⟨
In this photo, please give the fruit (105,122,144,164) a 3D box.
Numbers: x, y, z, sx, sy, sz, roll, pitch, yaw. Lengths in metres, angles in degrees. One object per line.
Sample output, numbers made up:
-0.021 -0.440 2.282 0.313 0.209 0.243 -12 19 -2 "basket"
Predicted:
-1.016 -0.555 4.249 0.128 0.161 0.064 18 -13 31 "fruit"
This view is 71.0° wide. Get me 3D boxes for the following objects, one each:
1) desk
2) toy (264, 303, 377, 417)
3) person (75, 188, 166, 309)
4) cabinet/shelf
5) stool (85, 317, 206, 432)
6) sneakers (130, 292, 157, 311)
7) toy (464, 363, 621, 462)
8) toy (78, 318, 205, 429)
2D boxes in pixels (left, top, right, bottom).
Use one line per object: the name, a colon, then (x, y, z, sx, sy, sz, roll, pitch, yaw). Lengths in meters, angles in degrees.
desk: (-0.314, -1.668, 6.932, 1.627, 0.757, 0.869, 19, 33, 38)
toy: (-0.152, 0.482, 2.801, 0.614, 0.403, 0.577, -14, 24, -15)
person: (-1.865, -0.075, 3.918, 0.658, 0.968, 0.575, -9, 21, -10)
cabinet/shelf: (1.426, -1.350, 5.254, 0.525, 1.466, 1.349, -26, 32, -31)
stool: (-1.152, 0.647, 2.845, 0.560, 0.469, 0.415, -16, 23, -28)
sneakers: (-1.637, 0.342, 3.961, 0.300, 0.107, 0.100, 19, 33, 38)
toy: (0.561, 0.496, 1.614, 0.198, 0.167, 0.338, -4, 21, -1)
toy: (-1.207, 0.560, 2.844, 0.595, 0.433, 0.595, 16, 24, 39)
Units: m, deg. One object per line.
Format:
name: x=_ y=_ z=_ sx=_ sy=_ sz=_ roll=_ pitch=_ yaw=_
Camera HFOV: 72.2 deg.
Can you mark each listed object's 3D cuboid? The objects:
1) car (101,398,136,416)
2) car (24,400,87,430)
⟩
■ TASK PROMPT
Print exactly the stretch of lines beginning with the one that holds "8) toy (78, 318, 205, 429)" and ending at the last line above.

■ WRITTEN SOLUTION
8) toy (78, 318, 205, 429)
2D boxes in pixels (left, top, right, bottom).
Use one line per object: the name, a colon, then (x, y, z, sx, sy, sz, roll, pitch, yaw). Lengths in meters, angles in degrees.
desk: (-0.314, -1.668, 6.932, 1.627, 0.757, 0.869, 19, 33, 38)
toy: (-0.152, 0.482, 2.801, 0.614, 0.403, 0.577, -14, 24, -15)
person: (-1.865, -0.075, 3.918, 0.658, 0.968, 0.575, -9, 21, -10)
cabinet/shelf: (1.426, -1.350, 5.254, 0.525, 1.466, 1.349, -26, 32, -31)
stool: (-1.152, 0.647, 2.845, 0.560, 0.469, 0.415, -16, 23, -28)
sneakers: (-1.637, 0.342, 3.961, 0.300, 0.107, 0.100, 19, 33, 38)
toy: (0.561, 0.496, 1.614, 0.198, 0.167, 0.338, -4, 21, -1)
toy: (-1.207, 0.560, 2.844, 0.595, 0.433, 0.595, 16, 24, 39)
Units: m, deg. One object per line.
Format:
name: x=_ y=_ z=_ sx=_ sy=_ sz=_ roll=_ pitch=_ yaw=_
Camera HFOV: 72.2 deg.
Can you mark each listed object's 3D cuboid? The objects:
1) car (101,398,136,416)
2) car (24,400,87,430)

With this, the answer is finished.